Presumably the people who used the subreddit would care. It seems like you think Reddit was only for shitposting, that wasn't my experience. It was a collection of forums, each with their own norms.

> Presumably the people who used the subreddit would care.

Right, I mentioned that for r/AskHistorians and r/science. What about regional subreddits? Why in the world does a subreddit for Toronto need rules like no CN tower pictures, no questions, or no posts about crime? Why can't the only rule be the post has to do with the city?

Why do moderators want to go beyond moderating spam and insist on presenting us with a curated feed of what they feel like I should be consuming? Why can't they let upvotes, downvotes, and reports speak for themselves and use that information to make removal decisions?

Why are so many moderators of subreddits against public moderation logs?

One phenomenon that I think drives this is that the engaged users (ie commenters) are usually a small subset of the total user base that upvotes things.

The engaged users care about the topic of the sub and tend to interact with it directly, while the larger audience is subscribed but mostly upvotes things from their main feed without caring which sub it is from, or visiting the sub itself to see what all has been posted there.

I have seen many cases where the “just let the votes sort it out” method leads to things being upvoted, presumably by those users scrolling their main feed who don’t even notice what subreddit it is from, and then comment sections full of “who is upvoting this junk” “this is the third time this has been posted this week” and “mods can we please do something about all of the X posts?”

So mods tend to be pulled in two directions by those two groups, and one is louder than the other so they tend to get their way.

> I have seen many cases where the “just let the votes sort it out” method leads to things being upvoted, presumably by those users scrolling their main feed who don’t even notice what subreddit it is from, and then comment sections full of “who is upvoting this junk” “this is the third time this has been posted this week” and “mods can we please do something about all of the X posts?”

Also known as the "all unmoderated subreddits eventually become /r/pics" problem. It's why a lot of major subs opted-out of being default when that was still a thing.

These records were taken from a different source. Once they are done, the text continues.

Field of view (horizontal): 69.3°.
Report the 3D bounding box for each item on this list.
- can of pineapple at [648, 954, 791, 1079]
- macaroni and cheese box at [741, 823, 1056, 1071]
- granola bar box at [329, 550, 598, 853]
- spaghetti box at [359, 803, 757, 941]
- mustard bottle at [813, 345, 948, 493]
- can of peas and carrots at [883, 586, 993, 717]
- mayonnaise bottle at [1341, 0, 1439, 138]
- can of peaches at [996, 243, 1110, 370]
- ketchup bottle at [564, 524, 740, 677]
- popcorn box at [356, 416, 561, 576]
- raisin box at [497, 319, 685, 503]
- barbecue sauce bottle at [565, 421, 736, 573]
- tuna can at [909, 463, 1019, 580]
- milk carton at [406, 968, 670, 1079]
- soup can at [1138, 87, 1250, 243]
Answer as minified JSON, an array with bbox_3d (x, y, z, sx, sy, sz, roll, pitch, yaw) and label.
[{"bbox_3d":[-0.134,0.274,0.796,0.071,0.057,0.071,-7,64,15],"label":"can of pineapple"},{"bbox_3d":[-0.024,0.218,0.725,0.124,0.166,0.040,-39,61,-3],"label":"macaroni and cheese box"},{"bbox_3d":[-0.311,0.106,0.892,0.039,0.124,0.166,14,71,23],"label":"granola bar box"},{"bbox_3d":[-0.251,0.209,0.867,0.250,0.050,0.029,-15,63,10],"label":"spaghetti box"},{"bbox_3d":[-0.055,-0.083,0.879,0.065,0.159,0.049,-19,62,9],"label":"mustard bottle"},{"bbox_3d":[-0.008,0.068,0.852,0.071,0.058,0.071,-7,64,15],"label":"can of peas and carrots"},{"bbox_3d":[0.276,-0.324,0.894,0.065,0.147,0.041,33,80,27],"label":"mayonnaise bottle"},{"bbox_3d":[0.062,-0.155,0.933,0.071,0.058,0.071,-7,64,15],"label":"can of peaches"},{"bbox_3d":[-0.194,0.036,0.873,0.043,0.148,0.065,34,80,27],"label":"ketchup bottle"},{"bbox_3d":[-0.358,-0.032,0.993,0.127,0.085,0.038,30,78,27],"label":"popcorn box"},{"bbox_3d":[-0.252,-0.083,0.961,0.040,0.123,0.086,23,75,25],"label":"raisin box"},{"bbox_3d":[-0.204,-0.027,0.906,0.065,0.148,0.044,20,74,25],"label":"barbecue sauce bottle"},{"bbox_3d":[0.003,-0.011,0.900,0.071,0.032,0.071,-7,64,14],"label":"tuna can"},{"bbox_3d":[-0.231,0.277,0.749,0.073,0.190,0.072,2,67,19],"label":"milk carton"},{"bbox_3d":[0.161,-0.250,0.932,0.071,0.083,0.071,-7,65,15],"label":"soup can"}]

I've heard a lot of argumentation along those lines from users that seem to really not care what really made Reddit a special place on the Internet. To them, Reddit is another Instagram/TikTok/Facebook clone, and it seems that's a viewpoint the company is trying to support. It seems completely brain-dead in terms of understanding why the website got popular in the first place, but it seems there's a good number of "satisfied" users that want it that way.

> I have seen many cases where the “just let the votes sort it out” method leads to things being upvoted, presumably by those users scrolling their main feed who don’t even notice what subreddit it is from, and then comment sections full of “who is upvoting this junk” “this is the third time this has been posted this week” and “mods can we please do something about all of the X posts?”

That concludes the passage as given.